Information on your system

Additional information

spack-build-out.txt Detailed error info (-verbose) in error message. I have tried building this with both :

$ java -version
openjdk version "1.8.0_352"
OpenJDK Runtime Environment (build 1.8.0_352-b08)
OpenJDK 64-Bit Server VM (build 25.352-b08, mixed mode)

and

$ java -version
openjdk version "11.0.17" 2022-10-18
OpenJDK Runtime Environment Temurin-11.0.17+8 (build 11.0.17+8)
OpenJDK 64-Bit Server VM Temurin-11.0.17+8 (build 11.0.17+8, mixed mode)

Also I have tried several Bazel version, all resulting in similar error. @adamjstewart @aweits

General information

adamjstewart commented 1 year ago

Can you upload the build log (spack-build-out.txt)? The error message should end with the path to this file.

serikkehva commented 1 year ago

I have added spack-build-out.txt. I had to try the installation one more time and the error occured in different stage of installation, nevertheless seems really similar to the previous one.

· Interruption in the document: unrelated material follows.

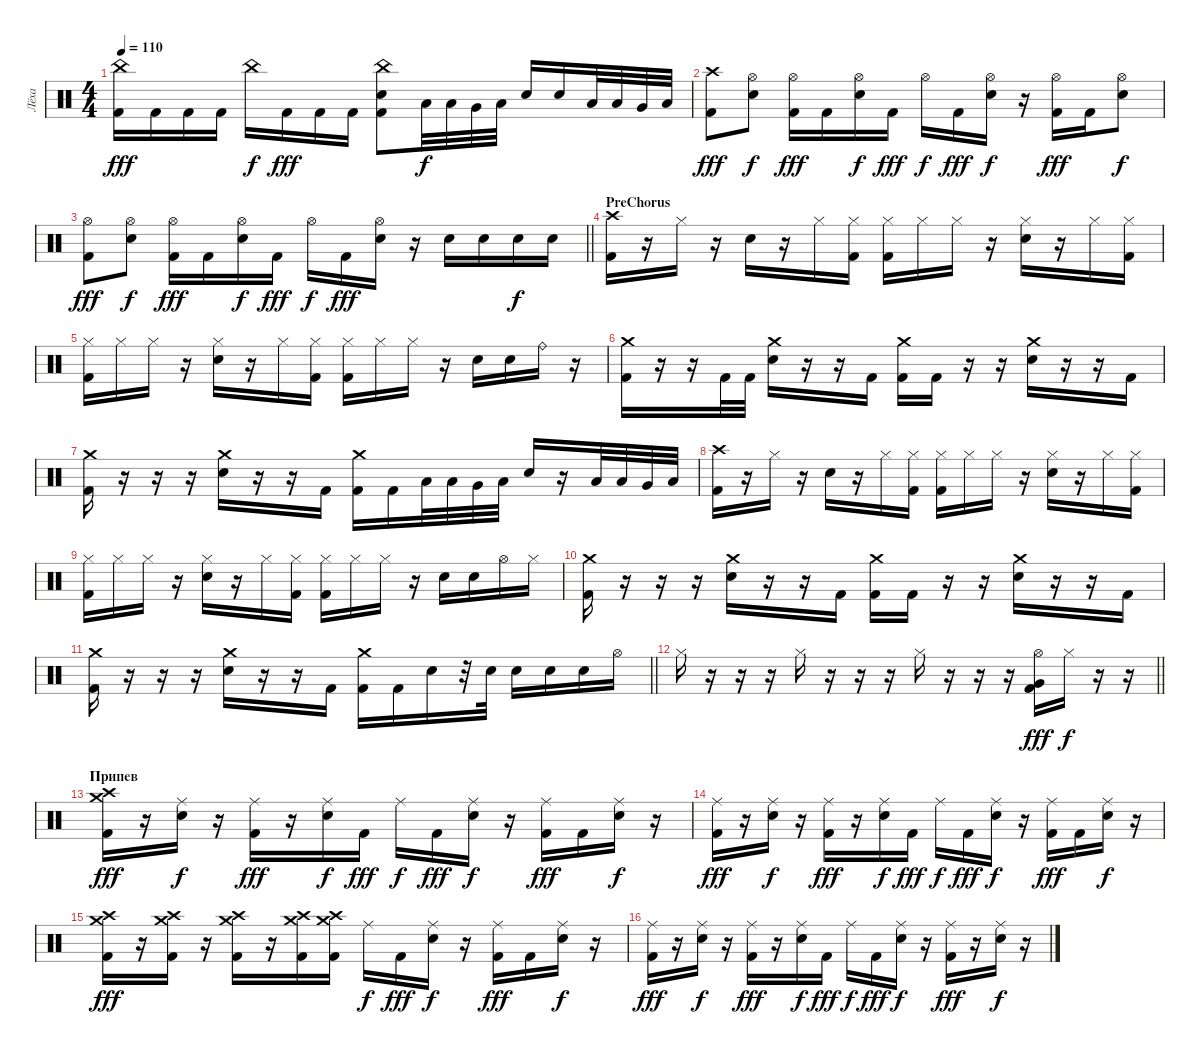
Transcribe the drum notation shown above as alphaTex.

adamjstewart commented 1 year ago

Do newer versions of bazel work for you? Is there any reason you're trying to use these older versions?

serikkehva commented 1 year ago

To be honest I'haven't tried them. Bazel 4.2.2 is preferred for py-horovod package. After getting problems with 4.2v I have switched to more popular (at least in the issues) versions to see if the errors match. I will give newer versions a try.

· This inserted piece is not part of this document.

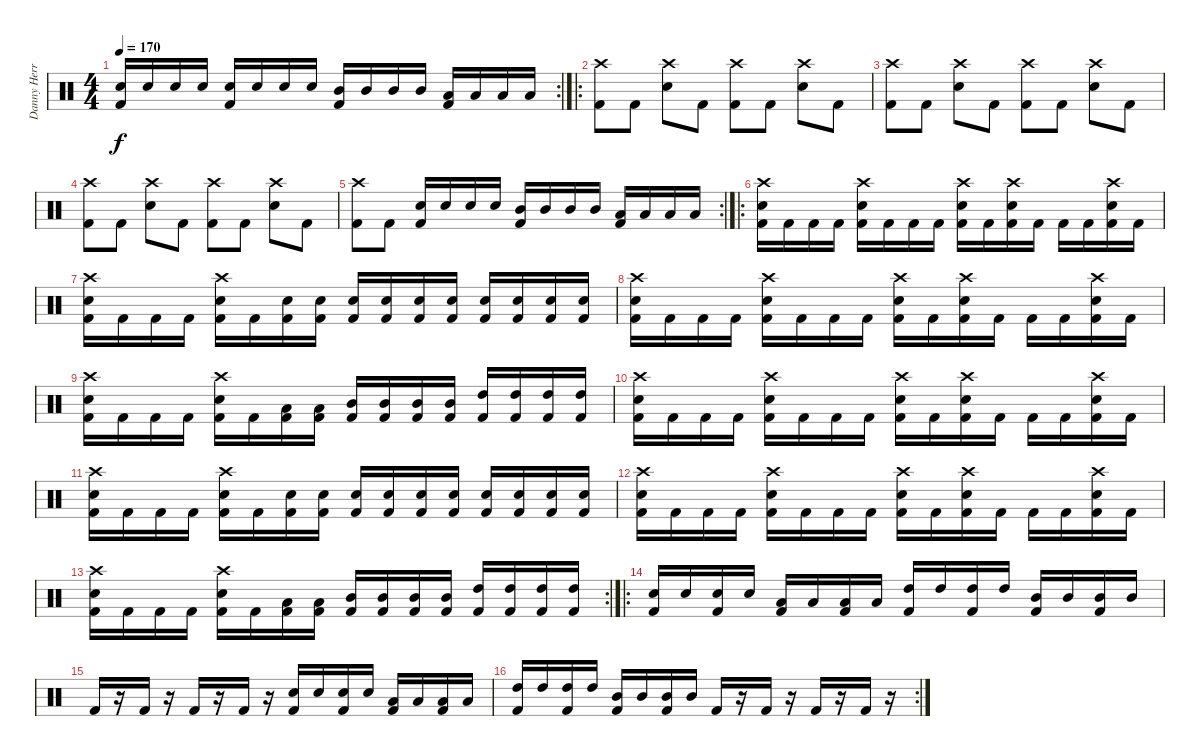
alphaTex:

adamjstewart commented 1 year ago

py-horovod doesn't use bazel...

These versions are more popular in the issues because they have more issues. I would suggest using the newest version you can for all packages. They usually include important bug fixes and are better tested.

serikkehva commented 1 year ago

I don't understands the first sentence. Bazel is in the dependency list of py-horovod and needs to be installed if you specify tf and keras frameworks.

I have tried installing bazel 5.2.0 both with java 1.8.0.352 and 11.0.17 spack-build-out_bazel5_2_0.txt spack-build-out_bazel5_2_0_java11.txt

adamjstewart commented 1 year ago

What I'm saying is that bazel is not a direct dependency of horovod, it's TF and Keras that need it. And TF builds fine with bazel 5.1.1, so I don't understand why you would want to build bazel 3 or 4.

From the error logs:

ERROR: An error occurred during the fetch of repository 'remotejdk11_linux':
   Traceback (most recent call last):
        File "/tmp/bazel_kw0Daf3Q/out/external/bazel_tools/tools/build_defs/repo/http.bzl", line 100, column 45, in _http_archive_impl
                download_info = ctx.download_and_extract(
Error in download_and_extract: java.io.IOException: No space left on device

This is probably your issue. Can you try changing your build_stage to a filesystem with more storage? Also note that Bazel will crash on NFS, so be careful which filesystem you choose. Not sure if this will help with TensorFlow where we build in tempfile.mkdtemp(). But it's a start at least.

serikkehva commented 1 year ago

Changing build_stage unfortunately didn't help but setting TMPDIR did. I managed to install bazel 5.2.0 with defining both build_stage and tmpdir to some custom directories.

adamjstewart commented 1 year ago

Glad you got it working! Not sure if there's a better way to choose the default TMPDIR location. We could set it to the build stage for Spack, but the NFS issue makes it tricky to choose a default.